We hear about the Neolithic Revolution as if it was a night and day change. But were there still hunter gatherer societies livings alongside them? Were they phased out gradually or did they really just disappear suddenly?

by piano-stevens
Alkibiades415

It was certainly not a night and day change. The transition to the Neolithic took hundreds, if not over a thousand, years, depending on region and subregion (for instance, the "proto" phase of the Neolithic in the Levant stretches, generally, from 11,700 to 10,500 cal. years BP, a stretch of 700 years). Things happened very gradually, with incremental changes over decades or centuries. In the Near East the PPNA (Pre-Pottery Neolithic A) is found at a scattered (but ever-growing) collection of sites, each of which shared some similarities with the others but also had its own particular flair on this or that element. The most famous of these is probably PPNA Jericho, which was one of the first investigated and also one of the richest as far as quantity and quality of material. In general, the PPNA sites in the Near East show better and different tool shapes than what came before, but there were still plenty of "old" tool shapes around for centuries after the new shapes started to appear. By means of analogy, I can walk around with a smart phone in my pocket in 2021, but I can also go to the thrift store and buy a clock radio from the 1960s that still works perfectly fine.

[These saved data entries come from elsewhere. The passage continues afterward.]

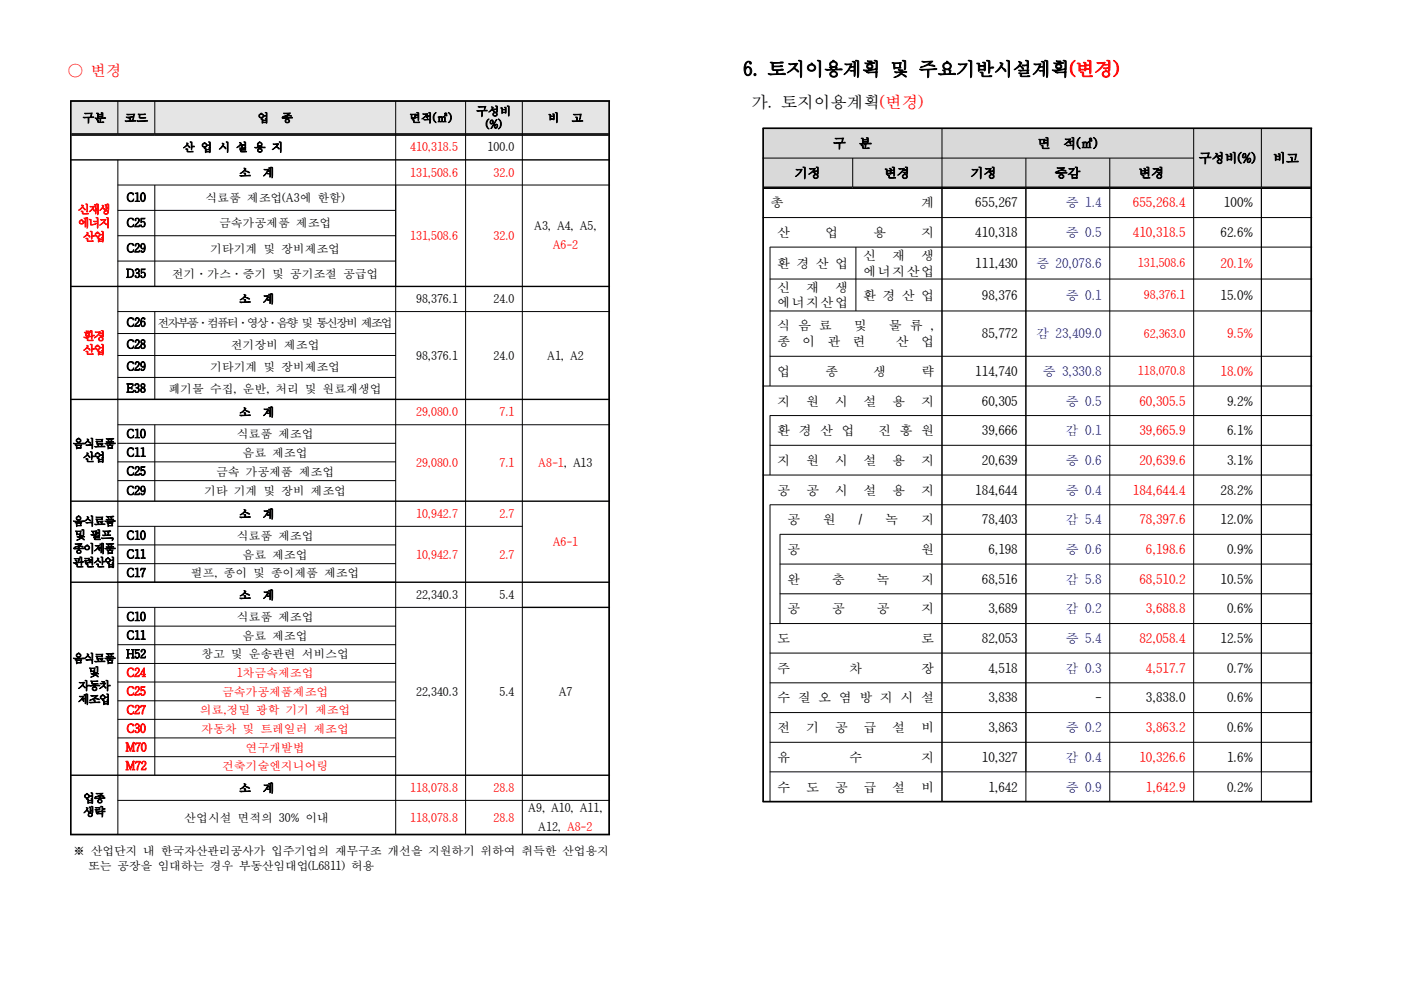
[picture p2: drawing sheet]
<svg xmlns="http://www.w3.org/2000/svg" width="297mm" height="210mm" viewBox="0 0 297 210" stroke-linecap="round" stroke-linejoin="round" font-family="sans-serif">
<defs><g id="words">
<text font-size="4" x="157.6" y="16">6. 토지이용계획 및 주요기반시설계획(변경)</text>
<text font-size="3.5" x="159.3" y="22.9">가. 토지이용계획(변경)</text>
<text font-size="3.3" fill="#f00" x="14.4" y="16">○ 변경</text>
<g font-size="2.8">
<text x="176.6" y="31.4">구</text>
<text x="182.1" y="31.4">분</text>
<text x="220" y="31.4">면</text>
<text x="225.4" y="31.4">적(㎡)</text>
<text x="254.1" y="34.5">구성비(%)</text>
<text x="269.9" y="34.5">비고</text>
<text x="168.5" y="37.6">기정</text>
<text x="187.4" y="37.6">변경</text>
<text x="205.8" y="37.6">기정</text>
<text x="223.6" y="37.6">증감</text>
<text x="241.3" y="37.6">변경</text>
<text x="163.4" y="43.9">총</text>
<text x="195.3" y="43.9">계</text>
<text x="206.8" y="43.9">655,267</text>
<text x="259.5" y="43.9">100%</text>
<text x="164.8" y="50.2">산</text>
<text x="175" y="50.2">업</text>
<text x="185.1" y="50.2">용</text>
<text x="195.3" y="50.2">지</text>
<text x="206.8" y="50.2">410,318</text>
<text x="258.8" y="50.2">62.6%</text>
<text x="164.8" y="56.8">환 경 산 업</text>
<text x="183" y="55.1">신</text>
<text x="183" y="58.4">에너지산업</text>
<text x="189.1" y="55.1">재</text>
<text x="195.3" y="55.1">생</text>
<text x="206.8" y="56.8">111,430</text>
<text x="164.8" y="61.9">신</text>
<text x="164.8" y="65.2">에너지산업</text>
<text x="170.9" y="61.9">재</text>
<text x="177" y="61.9">생</text>
<text x="183" y="63.5">환 경 산 업</text>
<text x="208.2" y="63.5">98,376</text>
<text x="258.8" y="63.5">15.0%</text>
<text x="164.8" y="70.1">식 음 료</text>
<text x="181.1" y="70.1">및</text>
<text x="188.5" y="70.1">물 류 ,</text>
<text x="208.2" y="71.7">85,772</text>
<text x="164.8" y="73.4">종</text>
<text x="170.1" y="73.4">이</text>
<text x="175.4" y="73.4">관</text>
<text x="180.7" y="73.4">련</text>
<text x="189.9" y="73.4">산</text>
<text x="195.3" y="73.4">업</text>
<text x="164.8" y="79.7">업</text>
<text x="175" y="79.7">종</text>
<text x="185.1" y="79.7">생</text>
<text x="195.3" y="79.7">략</text>
<text x="206.8" y="79.7">114,740</text>
<text x="164.8" y="86">지</text>
<text x="170.9" y="86">원</text>
<text x="177" y="86">시</text>
<text x="183.1" y="86">설</text>
<text x="189.2" y="86">용</text>
<text x="195.3" y="86">지</text>
<text x="208.2" y="86">60,305</text>
<text x="260.2" y="86">9.2%</text>
<text x="164.8" y="92.3">환 경 산 업</text>
<text x="186.2" y="92.3">진 흥 원</text>
<text x="208.2" y="92.3">39,666</text>
<text x="260.2" y="92.3">6.1%</text>
<text x="164.8" y="98.6">지</text>
<text x="170.9" y="98.6">원</text>
<text x="177" y="98.6">시</text>
<text x="183.1" y="98.6">설</text>
<text x="189.2" y="98.6">용</text>
<text x="195.3" y="98.6">지</text>
<text x="208.2" y="98.6">20,639</text>
<text x="260.2" y="98.6">3.1%</text>
<text x="164.8" y="104.9">공</text>
<text x="170.9" y="104.9">공</text>
<text x="177" y="104.9">시</text>
<text x="183.1" y="104.9">설</text>
<text x="189.2" y="104.9">용</text>
<text x="195.3" y="104.9">지</text>
<text x="206.8" y="104.9">184,644</text>
<text x="258.8" y="104.9">28.2%</text>
<text x="166.9" y="111.2">공</text>
<text x="174.5" y="111.2">원</text>
<text x="182" y="111.2">/</text>
<text x="187.7" y="111.2">녹</text>
<text x="195.3" y="111.2">지</text>
<text x="208.2" y="111.2">78,403</text>
<text x="258.8" y="111.2">12.0%</text>
<text x="166.9" y="117.5">공</text>
<text x="195.3" y="117.5">원</text>
<text x="209.5" y="117.5">6,198</text>
<text x="260.2" y="117.5">0.9%</text>
<text x="166.9" y="123.7">완</text>
<text x="176.4" y="123.7">충</text>
<text x="185.8" y="123.7">녹</text>
<text x="195.3" y="123.7">지</text>
<text x="208.2" y="123.7">68,516</text>
<text x="258.8" y="123.7">10.5%</text>
<text x="166.9" y="130">공</text>
<text x="176.4" y="130">공</text>
<text x="185.8" y="130">공</text>
<text x="195.3" y="130">지</text>
<text x="209.5" y="130">3,689</text>
<text x="260.2" y="130">0.6%</text>
<text x="164.8" y="136.4">도</text>
<text x="195.3" y="136.4">로</text>
<text x="208.2" y="136.4">82,053</text>
<text x="258.8" y="136.4">12.5%</text>
<text x="164.8" y="142.7">주</text>
<text x="180" y="142.7">차</text>
<text x="195.3" y="142.7">장</text>
<text x="209.5" y="142.7">4,518</text>
<text x="260.2" y="142.7">0.7%</text>
<text x="164.8" y="148.9">수 질 오 염 방 지 시 설</text>
<text x="209.5" y="148.9">3,838</text>
<text x="232.2" y="148.9">-</text>
<text x="243" y="148.9">3,838.0</text>
<text x="260.2" y="148.9">0.6%</text>
<text x="164.8" y="155.2">전</text>
<text x="170.9" y="155.2">기</text>
<text x="177" y="155.2">공</text>
<text x="183.1" y="155.2">급</text>
<text x="189.2" y="155.2">설</text>
<text x="195.3" y="155.2">비</text>
<text x="209.5" y="155.2">3,863</text>
<text x="260.2" y="155.2">0.6%</text>
<text x="164.8" y="161.5">유</text>
<text x="180" y="161.5">수</text>
<text x="195.3" y="161.5">지</text>
<text x="208.2" y="161.5">10,327</text>
<text x="260.2" y="161.5">1.6%</text>
<text x="164.8" y="167.9">수</text>
<text x="170.9" y="167.9">도</text>
<text x="177" y="167.9">공</text>
<text x="183.1" y="167.9">급</text>
<text x="189.2" y="167.9">설</text>
<text x="195.3" y="167.9">비</text>
<text x="209.5" y="167.9">1,642</text>
<text x="260.2" y="167.9">0.2%</text>
</g>
<g font-size="2.8" fill="#00f">
<text x="225.9" y="43.9">증 1.4</text>
<text x="225.9" y="50.2">증 0.5</text>
<text x="219.7" y="56.8">증 20,078.6</text>
<text x="225.9" y="63.5">증 0.1</text>
<text x="219.7" y="71.7">감 23,409.0</text>
<text x="221.1" y="79.7">증 3,330.8</text>
<text x="225.9" y="86">증 0.5</text>
<text x="225.9" y="92.3">감 0.1</text>
<text x="225.9" y="98.6">증 0.6</text>
<text x="225.9" y="104.9">증 0.4</text>
<text x="225.9" y="111.2">감 5.4</text>
<text x="225.9" y="117.5">증 0.6</text>
<text x="225.9" y="123.7">감 5.8</text>
<text x="225.9" y="130">감 0.2</text>
<text x="225.9" y="136.4">증 5.4</text>
<text x="225.9" y="142.7">감 0.3</text>
<text x="225.9" y="155.2">증 0.2</text>
<text x="225.9" y="161.5">감 0.4</text>
<text x="225.9" y="167.9">증 0.9</text>
</g>
<g font-size="2.8" fill="#f00">
<text x="240.2" y="43.9">655,268.4</text>
<text x="240.2" y="50.2">410,318.5</text>
<text x="258.8" y="56.8">20.1%</text>
<text x="260.2" y="71.7">9.5%</text>
<text x="258.8" y="79.7">18.0%</text>
<text x="241.6" y="86">60,305.5</text>
<text x="241.6" y="92.3">39,665.9</text>
<text x="241.6" y="98.6">20,639.6</text>
<text x="240.2" y="104.9">184,644.4</text>
<text x="241.6" y="111.2">78,397.6</text>
<text x="243" y="117.5">6,198.6</text>
<text x="241.6" y="123.7">68,510.2</text>
<text x="243" y="130">3,688.8</text>
<text x="241.6" y="136.4">82,058.4</text>
<text x="243" y="142.7">4,517.7</text>
<text x="243" y="155.2">3,863.2</text>
<text x="241.6" y="161.5">10,326.6</text>
<text x="243" y="167.9">1,642.9</text>
</g>
<g font-size="2.5">
<text x="17.5" y="25.9">구분</text>
<text x="26.4" y="25.9">코드</text>
<text x="54.6" y="25.9">업</text>
<text x="59.6" y="25.9">종</text>
<text x="86.7" y="25.9">면적(㎡)</text>
<text x="100.9" y="24.5">구성비</text>
<text x="103" y="27.2">(%)</text>
<text x="116.1" y="25.9">비</text>
<text x="121.2" y="25.9">고</text>
<text x="38.8" y="32.1">산 업 시 설 용 지</text>
<text x="103.4" y="32.1">100.0</text>
<text x="50.7" y="37.5">소</text>
<text x="55.7" y="37.5">계</text>
<text x="26.8" y="42.8">C10</text>
<text x="43.6" y="42.8">식료품 제조업(A3에 한함)</text>
<text x="26.8" y="48.1">C25</text>
<text x="26.8" y="53.5">C29</text>
<text x="44.6" y="53.6">기타기계 및 장비제조업</text>
<text x="46.4" y="48.2">금속가공제품 제조업</text>
<text x="113.3" y="48.9">A3, A4, A5,</text>
<text x="26.8" y="58.9">D35</text>
<text x="36.4" y="58.9">전기·가스·증기 및 공기조절 공급업</text>
<text x="50.7" y="64.3">소</text>
<text x="55.7" y="64.3">계</text>
<text x="88.2" y="64.3">98,376.1</text>
<text x="104.6" y="64.3">24.0</text>
<text x="26.8" y="69.3">C26</text>
<text x="33.4" y="69.3">전자부품·컴퓨터·영상·음향 및 통신장비 제조업</text>
<text x="26.8" y="73.9">C28</text>
<text x="48.9" y="74">전기장비 제조업</text>
<text x="88.2" y="76.3">98,376.1</text>
<text x="104.6" y="76.3">24.0</text>
<text x="116" y="76.3">A1, A2</text>
<text x="26.8" y="78.6">C29</text>
<text x="26.8" y="83.2">E38</text>
<text x="35.7" y="83.3">폐기물 수집, 운반, 처리 및 원료재생업</text>
<text x="44.6" y="78.6">기타기계 및 장비제조업</text>
<text x="50.7" y="88.3">소</text>
<text x="55.7" y="88.3">계</text>
<text x="15.4" y="94.9">음식료품</text>
<text x="26.8" y="92.9">C10</text>
<text x="50.2" y="92.9">식료품 제조업</text>
<text x="17.6" y="97.8">산업</text>
<text x="26.8" y="96.8">C11</text>
<text x="26.8" y="100.8">C25</text>
<text x="45.8" y="100.8">금속 가공제품 제조업</text>
<text x="51.4" y="96.9">음료 제조업</text>
<text x="26.8" y="104.9">C29</text>
<text x="43.3" y="105">기타 기계 및 장비 제조업</text>
<text x="15.4" y="111.4">음식료품</text>
<text x="50.7" y="109.9">소</text>
<text x="55.7" y="109.9">계</text>
<text x="15.4" y="117.2">종이제품</text>
<text x="15.7" y="114.3">및 펄프,</text>
<text x="26.8" y="114.4">C10</text>
<text x="26.8" y="118.4">C11</text>
<text x="50.2" y="114.5">식료품 제조업</text>
<text x="51.4" y="118.4">음료 제조업</text>
<text x="15.4" y="120.1">관련산업</text>
<text x="26.8" y="122.3">C17</text>
<text x="40.5" y="122.4">펄프, 종이 및 종이제품 제조업</text>
<text x="26.8" y="131.7">C10</text>
<text x="50.2" y="131.7">식료품 제조업</text>
<text x="50.7" y="127">소</text>
<text x="55.7" y="127">계</text>
<text x="88.2" y="127">22,340.3</text>
<text x="105.9" y="127">5.4</text>
<text x="26.8" y="135.6">C11</text>
<text x="51.4" y="135.6">음료 제조업</text>
<text x="15.4" y="140.5">음식료품</text>
<text x="18.7" y="143.3">및</text>
<text x="26.8" y="139.6">H52</text>
<text x="42.7" y="139.6">창고 및 운송관련 서비스업</text>
<text x="16.5" y="146.3">자동차</text>
<text x="16.5" y="149.1">제조업</text>
<text x="88.2" y="147.5">22,340.3</text>
<text x="105.9" y="147.5">5.4</text>
<text x="118.4" y="147.5">A7</text>
<text x="50.7" y="168">소</text>
<text x="55.7" y="168">계</text>
<text x="17.6" y="170.1">업종</text>
<text x="17.6" y="173">생략</text>
<text x="112" y="172.3">A9, A10, A11,</text>
<text x="39.1" y="174.2">산업시설 면적의 30% 이내</text>
<text x="114.1" y="176.3">A12, A8-2</text>
<text x="15.5" y="181.2">※ 산업단지 내 한국자산관리공사가 입주기업의 재무구조 개선을 지원하기 위하여 취득한 산업용지</text>
<text x="18.7" y="184.5">또는 공장을 임대하는 경우 부동산임대업(L6811) 허용</text>
</g>
<g font-size="2.5" fill="#f00">
<text x="87" y="32.1">410,318.5</text>
<text x="87" y="37.5">131,508.6</text>
<text x="104.6" y="37.5">32.0</text>
<text x="16.5" y="45.3">신재생</text>
<text x="16.5" y="48.1">에너지</text>
<text x="17.6" y="51.1">산업</text>
<text x="87" y="50.9">131,508.6</text>
<text x="104.6" y="50.9">32.0</text>
<text x="117.2" y="52.9">A6-2</text>
<text x="241.3" y="56.7">131,508.6</text>
<text x="242.5" y="63.5">98,376.1</text>
<text x="242.5" y="71.6">62,363.0</text>
<text x="17.6" y="72.1">환경</text>
<text x="17.6" y="75">산업</text>
<text x="241.3" y="79.6">118,070.8</text>
<text x="88.2" y="88.3">29,080.0</text>
<text x="105.9" y="88.3">7.1</text>
<text x="88.2" y="99.1">29,080.0</text>
<text x="105.9" y="99.1">7.1</text>
<text x="114.1" y="99.1">A8-1, A13</text>
<text x="88.2" y="109.9">10,942.7</text>
<text x="105.9" y="109.9">2.7</text>
<text x="88.2" y="118.4">10,942.7</text>
<text x="105.9" y="118.4">2.7</text>
<text x="117.2" y="115.8">A6-1</text>
<text x="26.8" y="143.5">C24</text>
<text x="50.2" y="143.6">1차금속제조업</text>
<text x="26.8" y="147.4">C25</text>
<text x="47.1" y="147.5">금속가공제품제조업</text>
<text x="26.8" y="151.4">C27</text>
<text x="26.8" y="155.4">C30</text>
<text x="42.3" y="151.5">의료,정밀 광학 기기 제조업</text>
<text x="42.7" y="155.4">자동차 및 트레일러 제조업</text>
<text x="26.7" y="159.3">M70</text>
<text x="52.1" y="159.4">연구개발법</text>
<text x="26.7" y="163.3">M72</text>
<text x="47.1" y="163.3">건축기술엔지니어링</text>
<text x="87" y="168">118,078.8</text>
<text x="104.6" y="168">28.8</text>
<text x="87" y="174.2">118,078.8</text>
<text x="104.6" y="174.2">28.8</text>
</g>
</g></defs>
<path d="M15 21.4h10v7.1h-10z" fill-rule="evenodd" fill="#e5e5e5"/>
<path d="M15.2 28.4h9.8M15.2 28.7h9.8" fill="none" stroke="#000" stroke-width=".21"/>
<path d="M25 21.4h7.8v7.1h-7.8z" fill-rule="evenodd" fill="#e5e5e5"/>
<path d="M25 28.4h7.8M25 28.7h7.8" fill="none" stroke="#000" stroke-width=".21"/>
<path d="M32.8 21.4h51.1v7.1h-51.1z" fill-rule="evenodd" fill="#e5e5e5"/>
<path d="M32.8 28.4h51.1M32.8 28.7h51.1" fill="none" stroke="#000" stroke-width=".21"/>
<path d="M83.9 21.4h14.8v7.1h-14.8z" fill-rule="evenodd" fill="#e5e5e5"/>
<path d="M83.9 28.4h14.8M83.9 28.7h14.8" fill="none" stroke="#000" stroke-width=".21"/>
<path d="M98.7 21.4h12v7.1h-12z" fill-rule="evenodd" fill="#e5e5e5"/>
<path d="M98.7 28.4h12M98.7 28.7h12" fill="none" stroke="#000" stroke-width=".21"/>
<path d="M110.7 21.4h18.5v7.1h-18.5z" fill-rule="evenodd" fill="#e5e5e5"/>
<g fill="none" stroke="#000" stroke-width=".21">
<path d="M15.2 28.4h113.8M15.2 28.7h113.8M24.9 39.2h104.4M25 21.4v7M25 33.9v143M32.8 21.4v7M32.8 39.2v21.5M83.9 21.4v155.5M98.7 21.4v155.5M110.7 21.4v155.5M24.9 44.6h59M24.9 50h59"/>
<path d="M24.9 55.4h59M24.9 60.7h59M24.9 66.1h104.4M24.9 70.7h59M24.9 75.4h59M32.8 66.1v18.6M24.9 80h59M24.9 84.7h59M24.9 90.1h104.4M24.9 94h59M24.9 97.9h59M32.8 90.1v16.2"/>
<path d="M24.9 101.9h59M24.9 111.6h85.9M24.9 115.5h59M24.9 119.5h59M32.8 111.6v11.8M24.9 123.4h59M24.9 128.8h85.9M24.9 132.8h59M24.9 136.7h59M32.8 128.8v35.6M24.9 140.7h59M24.9 144.6h59"/>
<path d="M24.9 148.6h59M24.9 152.5h59M24.9 156.5h59M24.9 160.4h59M24.9 169.7h104.4"/>
</g>
<path d="M14.9 21.4h114.4M14.9 33.9h114.4M15 21.4v155.5M129.2 21.4v155.5M14.9 60.7h114.4M14.9 84.7h114.4M14.9 106.3h114.4M14.9 123.4h114.4M110.7 128.8h18.6M14.9 164.4h114.4M14.9 176.9h114.4" fill="none" stroke="#000" stroke-width=".3"/>
<g fill="#d9d9d9">
<path d="M161.8 27.2h37.9v6.3h-37.9z" fill-rule="evenodd"/>
<path d="M199.7 27.2h53.4v6.3h-53.4z" fill-rule="evenodd"/>
<path d="M253.1 27.2h14.3v12.6h-14.3z" fill-rule="evenodd"/>
</g>
<path d="M253.1 39.7h14.3M253.1 39.9h14.3" fill="none" stroke="#000" stroke-width=".21"/>
<path d="M267.4 27.2h10.6v12.6h-10.6z" fill-rule="evenodd" fill="#d9d9d9"/>
<path d="M267.4 39.7h10.5M267.4 39.9h10.5" fill="none" stroke="#000" stroke-width=".21"/>
<path d="M161.8 33.5h19v6.3h-19z" fill-rule="evenodd" fill="#d9d9d9"/>
<path d="M162 39.7h18.8M162 39.9h18.8" fill="none" stroke="#000" stroke-width=".21"/>
<path d="M180.8 33.5h18.9v6.3h-18.9z" fill-rule="evenodd" fill="#d9d9d9"/>
<path d="M180.8 39.7h18.9M180.8 39.9h18.9" fill="none" stroke="#000" stroke-width=".21"/>
<path d="M199.7 33.5h17.8v6.3h-17.8z" fill-rule="evenodd" fill="#d9d9d9"/>
<path d="M199.7 39.7h17.8M199.7 39.9h17.8" fill="none" stroke="#000" stroke-width=".21"/>
<path d="M217.5 33.5h17.8v6.3h-17.8z" fill-rule="evenodd" fill="#d9d9d9"/>
<path d="M217.5 39.7h17.8M217.5 39.9h17.8" fill="none" stroke="#000" stroke-width=".21"/>
<path d="M235.3 33.5h17.8v6.3h-17.8z" fill-rule="evenodd" fill="#d9d9d9"/>
<g fill="none" stroke="#000" stroke-width=".21">
<path d="M161.7 33.5h91.4M162 39.7h115.9M162 39.9h115.9M180.8 33.5v6.2M199.7 27.2v142.8M217.5 33.5v6.2M217.5 40v130M235.3 33.5v6.2M235.3 40v130M253.1 27.2v12.5M253.1 40v130M267.4 27.2v12.5"/>
<path d="M267.4 40v130M161.7 46.1h116.5M163.2 52.4h115M163.2 59.2h115M163.3 52.4v29.4M181.5 52.4v13.5M163.2 65.9h115M163.2 75.5h115M161.7 81.8h116.5M163.2 88.1h115M163.2 94.4h115M163.3 88.1v12.6"/>
<path d="M161.7 100.7h116.5M163.2 107h115M163.3 107v63M165.3 113.3h112.9M165.3 119.6h112.9M165.4 113.3v18.9M163.2 132.2h115M163.2 138.5h115M165.3 125.9h112.9M163.2 144.8h115M163.2 151.1h115M163.2 157.4h115"/>
<path d="M163.2 163.6h115"/>
</g>
<path d="M161.7 27.2h116.5M161.8 27.2v142.8M278 27.2v142.8M161.7 170h116.5" fill="none" stroke="#000" stroke-width=".3"/>
<use href="#words"/>
</svg>

Another area of glaring difference between "proto"-Neolithic sites and what had come before is architecture. In the southern Levant, differentiation between buildings meant for domestic occupation begin to sharply separate from other, non-dwelling structures in the PPNA. The use of mud-bricks for building superstructures is also new, replacing earlier Natufian use of branches and skins for the same purpose.

And so on and so forth. Imagine slow, incremental changes happening over a fairly large swath of space and time, but also sometimes rapidly, if conditions were right.

For the Near East on this topic, see Simmons, The Neolithic Revolution in the Near East (Arizona 2007). Off the top of my head, there is also a David Miles book about the Neo. Rev. in Britain, The Tale of the Axe: How the Neolithic Revolution Transformed Britain (2016).